__EXERCISE PROMPT__
Only the lines with the string "things" are needed; return each of them from the entries below.

★ ★ ★ ★ ★

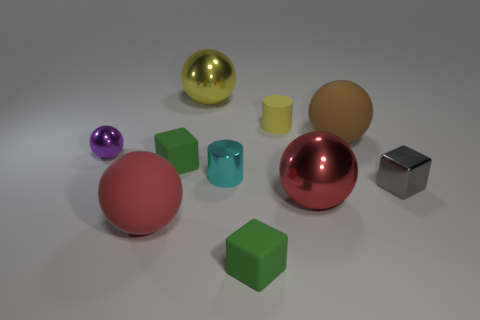How many small cylinders are the same color as the small ball?
Ensure brevity in your answer.  0. Is the tiny shiny sphere the same color as the metal cylinder?
Provide a succinct answer. No. What is the material of the red sphere left of the tiny cyan shiny thing?
Your response must be concise. Rubber. How many big objects are red shiny things or shiny cylinders?
Keep it short and to the point. 1. There is a ball that is the same color as the tiny rubber cylinder; what is its material?
Keep it short and to the point. Metal. Are there any tiny yellow cylinders made of the same material as the tiny cyan cylinder?
Offer a very short reply. No. There is a cylinder that is left of the matte cylinder; is its size the same as the shiny cube?
Provide a succinct answer. Yes. Is there a big red shiny object behind the metal ball that is in front of the purple object that is behind the small gray metal block?
Your response must be concise. No. How many matte things are tiny balls or large red objects?
Offer a terse response. 1. What number of other things are the same shape as the small gray thing?
Your response must be concise. 2. 
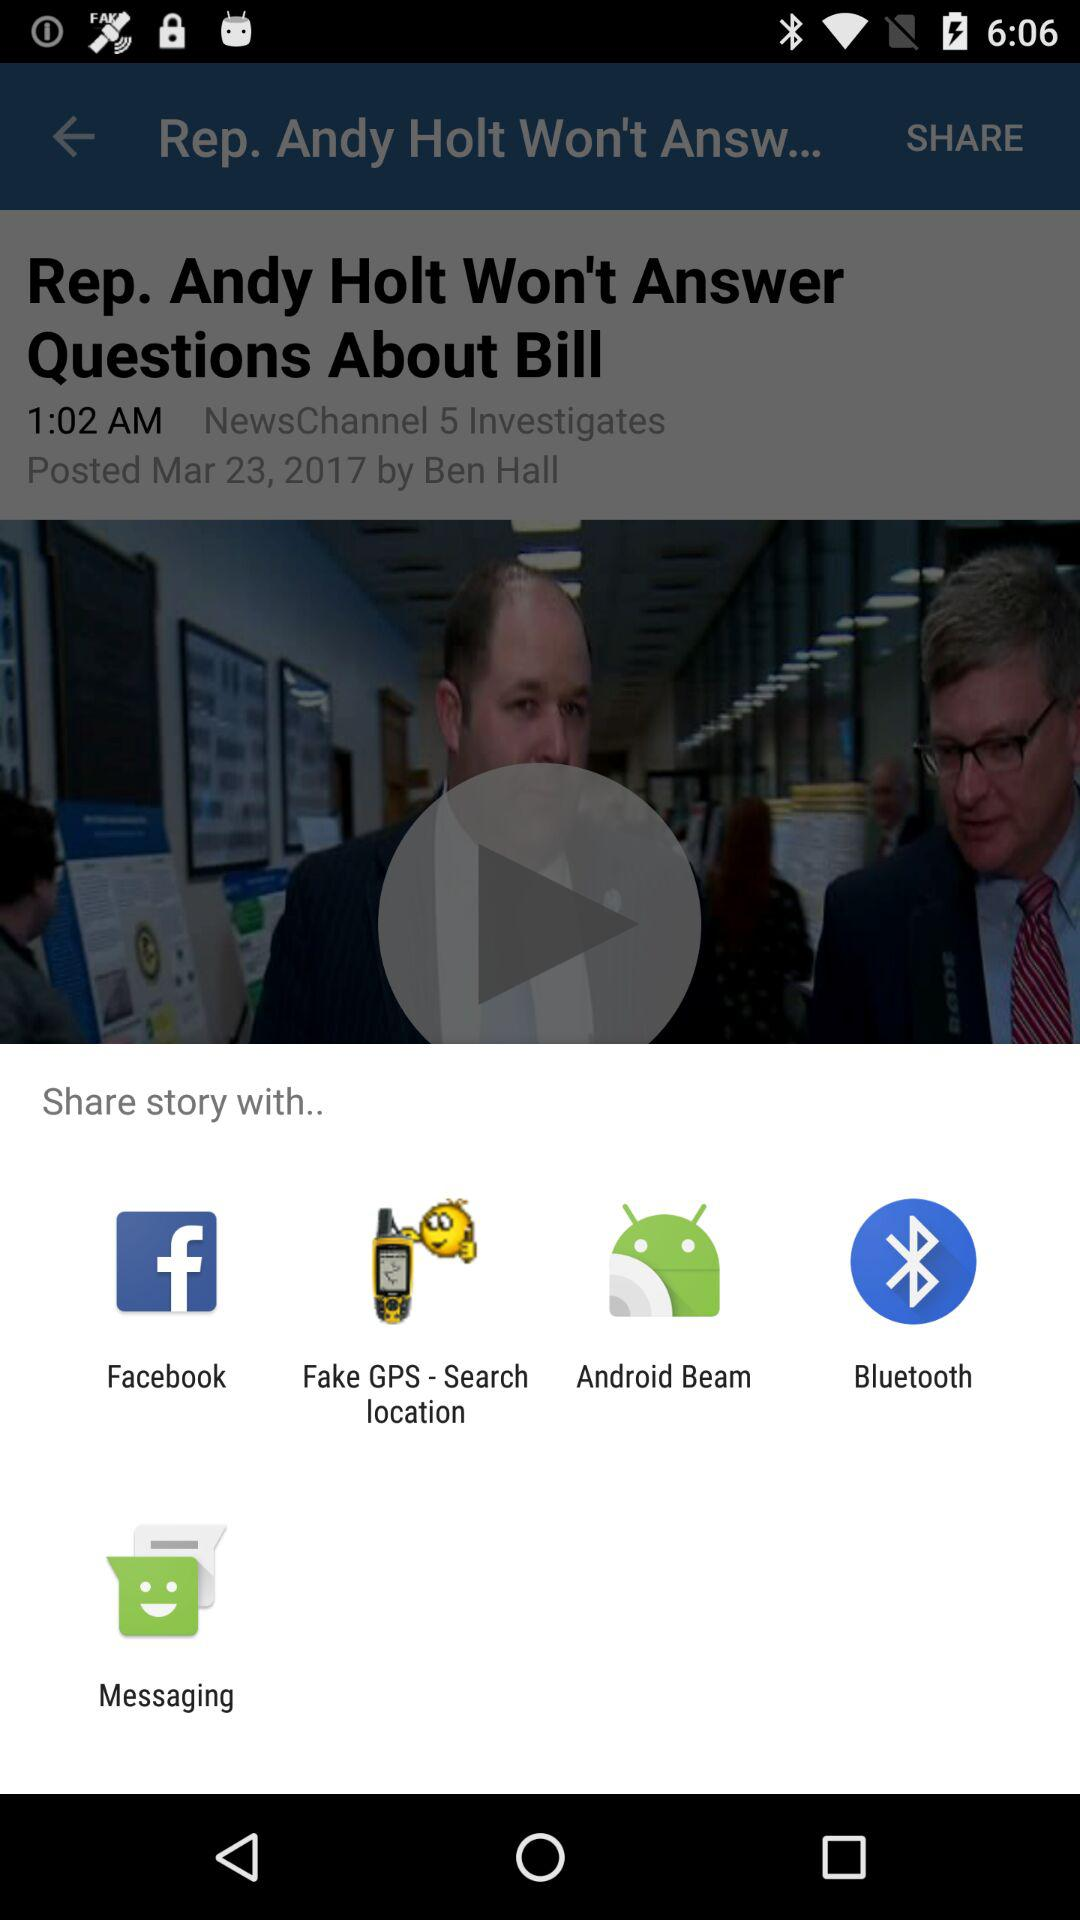Which app can we share with? You can share with "Facebook", "Fake GPS - Search location", "Android Beam", "Bluetooth" and "Messaging".

★ ★ ★ ★ ★

__WRITTEN SOLUTION__
Your response must be concise. Rubber. How many big objects are red shiny things or shiny cylinders?
Your response must be concise. No. How many matte things are tiny balls or large red objects?
Offer a terse response. 1. What number of other things are the same shape as the small gray thing?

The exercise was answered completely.